#### EXERCISE MATERIALS ####

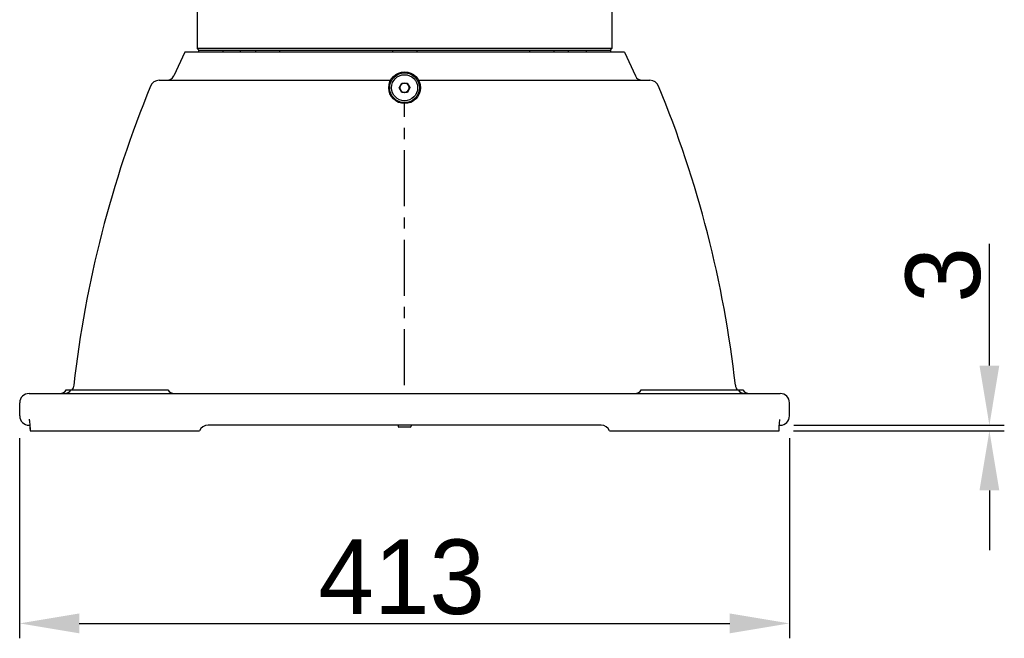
# Model space of a CAD drawing. Header units: millimetres. Extents: x 4086 to 10416, y 123 to 1549.
# Tile 5 of 99: x 6615 to 6747, y 604 to 687. Entities that reach past the tile are written whole.
import ezdxf

# ---------------------------------------------------------------- set-up
doc = ezdxf.new("R2010")
doc.units = ezdxf.units.MM
doc.linetypes.add('CENTER', pattern=[0.6, 0.375, -0.075, 0.075, -0.075])
for name, color, linetype in [('中心线', 7, 'Continuous'), ('外形图', 7, 'Continuous'), ('尺寸标注', 7, 'Continuous')]:
    doc.layers.add(name, color=color, linetype=linetype)
doc.styles.add('思源黑', font='SourceHanSansCN-Normal.ttf')
doc.dimstyles.new('尺寸标注_1_4比例中六', dxfattribs={"dimtxt": 10, "dimasz": 8, "dimexe": 2, "dimexo": 1.5, "dimgap": 1, "dimtad": 1, "dimdec": 1, "dimlfac": 4, "dimdsep": 46, "dimtxsty": '思源黑', "dimcen": 0.09, "dimadec": 0, "dimazin": 0, "dimtp": 0.01, "dimtm": 0.01, "dimtfac": 1, "dimtdec": 1, "dimtofl": 0, "dimtmove": 0, "dimatfit": 3, "dimfxl": 1, "dimtolj": 1, "dimarcsym": 0})

# ---------------------------------------------------------------- blocks, each defined once
blk = doc.blocks.new('*D779')
at = {"layer": 'Defpoints', "color": 0}
for p in [(6615.09, 632.58), (6718.34, 632.58), (6718.34, 606.26)]:
    blk.add_point(p, dxfattribs=at)
at = {"layer": '尺寸标注', "color": 0, "lineweight": -2}
for p, q in [((6615.09, 631.08), (6615.09, 604.26)), ((6718.34, 631.08), (6718.34, 604.26)), ((6623.09, 606.26), (6710.34, 606.26))]:
    blk.add_line(p, q, dxfattribs=at)
at = {"layer": '尺寸标注', "color": 0}
for points in [[(6623.09, 607.59), (6623.09, 604.93), (6615.09, 606.26)], [(6710.34, 604.93), (6710.34, 607.59), (6718.34, 606.26)]]:
    blk.add_solid(points, dxfattribs=at)
at = {"layer": '尺寸标注', "color": 0, "insert": (6666.33, 612.44), "char_height": 10, "attachment_point": 5, "style": '思源黑'}
blk.add_mtext('\\A1;413', dxfattribs=at)
blk = doc.blocks.new('*D780')
at = {"layer": 'Defpoints', "color": 0}
for p in [(6717.43, 632.83), (6745.16, 632.83), (6717.38, 632.08)]:
    blk.add_point(p, dxfattribs=at)
at = {"layer": '尺寸标注', "color": 0, "lineweight": -2}
for p, q in [((6745.16, 640.83), (6745.16, 657.14)), ((6718.93, 632.83), (6747.16, 632.83)), ((6718.88, 632.08), (6747.16, 632.08)), ((6745.16, 624.08), (6745.16, 616.08))]:
    blk.add_line(p, q, dxfattribs=at)
at = {"layer": '尺寸标注', "color": 0}
for points in [[(6743.83, 640.83), (6746.49, 640.83), (6745.16, 632.83)], [(6746.49, 624.08), (6743.83, 624.08), (6745.16, 632.08)]]:
    blk.add_solid(points, dxfattribs=at)
at = {"layer": '尺寸标注', "color": 0, "insert": (6738.98, 652.98), "char_height": 10, "attachment_point": 5, "rotation": 90, "style": '思源黑'}
blk.add_mtext('\\A1;3', dxfattribs=at)

msp = doc.modelspace()

# ---------------------------------------------------------------- linework, layer by layer
at = {"layer": '中心线', "color": 7, "linetype": 'CENTER', "ltscale": 20}
msp.add_line((6666.719, 638.186), (6666.719, 675.952), dxfattribs=at)
at = {"layer": '外形图', "color": 7, "linetype": 'Continuous'}
for p, q in [((6638.906, 695.719), (6638.906, 683.327)), ((6694.531, 695.719), (6694.531, 683.327)), ((6637.236, 682.827), (6635.756, 679.655)), ((6696.202, 682.827), (6637.236, 682.827)), ((6694.531, 683.327), (6638.906, 683.327)), ((6639.156, 683.077), (6638.906, 683.327)), ((6639.173, 683.077), (6639.094, 683.077)), ((6639.094, 683.077), (6639.094, 682.827)), ((6646.873, 683.077), (6639.173, 683.077)), ((6642.344, 683.077), (6642.344, 682.827)), ((6644.719, 682.827), (6644.719, 683.077)), ((6646.709, 683.077), (6646.709, 682.827)), ((6647.726, 683.077), (6646.873, 683.077)), ((6666.156, 683.077), (6647.726, 683.077)), ((6649.959, 683.077), (6649.959, 682.827)), ((6665.094, 683.077), (6665.094, 682.827)), ((6667.282, 683.077), (6666.156, 683.077)), ((6685.711, 683.077), (6667.282, 683.077)), ((6668.344, 683.077), (6668.344, 682.827)), ((6683.479, 683.077), (6683.479, 682.827)), ((6686.566, 683.077), (6685.711, 683.077)), ((6694.264, 683.077), (6686.566, 683.077)), ((6686.729, 683.077), (6686.729, 682.827)), ((6688.719, 682.827), (6688.719, 683.077)), ((6691.094, 683.077), (6691.094, 682.827)), ((6694.344, 683.077), (6694.264, 683.077)), ((6694.281, 683.077), (6694.531, 683.327)), ((6694.344, 683.077), (6694.344, 682.827)), ((6696.202, 682.827), (6697.681, 679.655)), ((6633.804, 679.077), (6664.844, 679.077)), ((6668.594, 679.077), (6699.634, 679.077)), ((6665.997, 678.062), (6666.345, 678.694)), ((6666.371, 677.445), (6665.997, 678.062)), ((6666.345, 678.694), (6667.066, 678.71)), ((6667.066, 678.71), (6667.44, 678.092)), ((6667.44, 678.092), (6667.093, 677.46)), ((6667.093, 677.46), (6666.371, 677.445)), ((6616.344, 637.077), (6717.094, 637.077)), ((6621.344, 637.577), (6634.969, 637.577)), ((6698.469, 637.577), (6712.094, 637.577)), ((6615.094, 634.077), (6615.094, 635.827)), ((6718.344, 634.077), (6718.344, 635.827)), ((6616.344, 632.827), (6616.456, 632.827)), ((6616.374, 633.62), (6616.374, 633.618)), ((6693.073, 632.827), (6640.365, 632.827)), ((6665.844, 632.827), (6665.844, 632.702)), ((6667.594, 632.827), (6667.594, 632.702)), ((6716.975, 632.711), (6716.982, 632.827)), ((6716.982, 632.827), (6717.094, 632.827)), ((6616.486, 632.077), (6639.219, 632.077)), ((6667.469, 632.577), (6665.969, 632.577)), ((6694.219, 632.077), (6716.952, 632.077))]:
    msp.add_line(p, q, dxfattribs=at)
for points in [[(6616.373, 633.622), (6616.375, 633.616), (6616.387, 633.548), (6616.406, 633.415), (6616.426, 633.227), (6616.446, 632.988), (6616.463, 632.705), (6616.477, 632.383), (6616.485, 632.077)], [(6616.462, 632.73), (6616.476, 632.412), (6616.485, 632.104)], [(6716.952, 632.077), (6716.962, 632.414), (6716.976, 632.733), (6716.994, 633.013), (6717.014, 633.247), (6717.034, 633.431), (6717.052, 633.558), (6717.06, 633.599)]]:
    msp.add_lwpolyline(points, dxfattribs=at)
for radius in [2.125, 2, 1.75]:
    msp.add_circle((6666.719, 678.077), radius, dxfattribs=at)
for centre, radius, start, end in [((6633.804, 677.827), 1.25, 89.99995, 157.65401), ((6634.85, 680.077), 1, 270, 335), ((6698.588, 680.077), 1, 205, 270), ((6699.634, 677.827), 1.25, 22.34557, 90.00003), ((6771.404, 621.269), 150.02, 157.65554, 173.52507), ((6666.719, 678.077), 0.625, 91.21135, 270.0553), ((6666.719, 678.077), 0.625, 271.21135, 90.0553), ((6562.034, 621.269), 150.02, 6.47493, 22.34446), ((6616.344, 635.827), 1.25, 90, 180), ((6620.478, 638.077), 1, 270, 330), ((6621.103, 638.077), 1, 270, 330), ((6635.835, 638.077), 1, 210, 270), ((6697.603, 638.077), 1, 270, 330), ((6712.335, 638.077), 1, 210, 270), ((6712.96, 638.077), 1, 210, 270), ((6717.094, 635.827), 1.25, 0, 90), ((6616.344, 634.077), 1.25, 180, 270), ((6717.094, 634.077), 1.25, 270, 0), ((6640.365, 631.577), 1.25, 90, 156.42174), ((6665.969, 632.702), 0.125, 180, 270), ((6667.469, 632.702), 0.125, 270, 0), ((6693.073, 631.577), 1.25, 23.57831, 90)]:
    msp.add_arc(centre, radius, start, end, dxfattribs=at)
for points in [[(6622.341, 638.186), (6622.316, 637.967), (6622.228, 637.748), (6622.095, 637.573)], [(6711.097, 638.186), (6711.122, 637.967), (6711.21, 637.748), (6711.343, 637.573)]]:
    msp.add_open_spline(points, degree=3, dxfattribs=at)

# ---------------------------------------------------------------- dimensions: what is measured, and where the dimension line sits
at = {"layer": '尺寸标注'}
dim = msp.add_linear_dim(base=(6745.161, 632.827), p1=(6717.381, 632.077), p2=(6717.429, 632.827), angle=90, dimstyle='尺寸标注_1_4比例中六', dxfattribs=at)
dim.commit()
dim.dimension.update_dxf_attribs({"geometry": '*D780', "text_midpoint": (6745.161, 652.983), "dimtype": 160})
dim = msp.add_linear_dim(base=(6718.344, 606.26), p1=(6615.094, 632.577), p2=(6718.344, 632.577), dimstyle='尺寸标注_1_4比例中六', dxfattribs=at)
dim.commit()
dim.dimension.update_dxf_attribs({"geometry": '*D779', "text_midpoint": (6666.328, 606.26), "dimtype": 160})

doc.saveas('drawing.dxf')

####

Take every line above that includes the string "geometry" and return it.

dim.dimension.update_dxf_attribs({"geometry": '*D780', "text_midpoint": (6745.161, 652.983), "dimtype": 160})
dim.dimension.update_dxf_attribs({"geometry": '*D779', "text_midpoint": (6666.328, 606.26), "dimtype": 160})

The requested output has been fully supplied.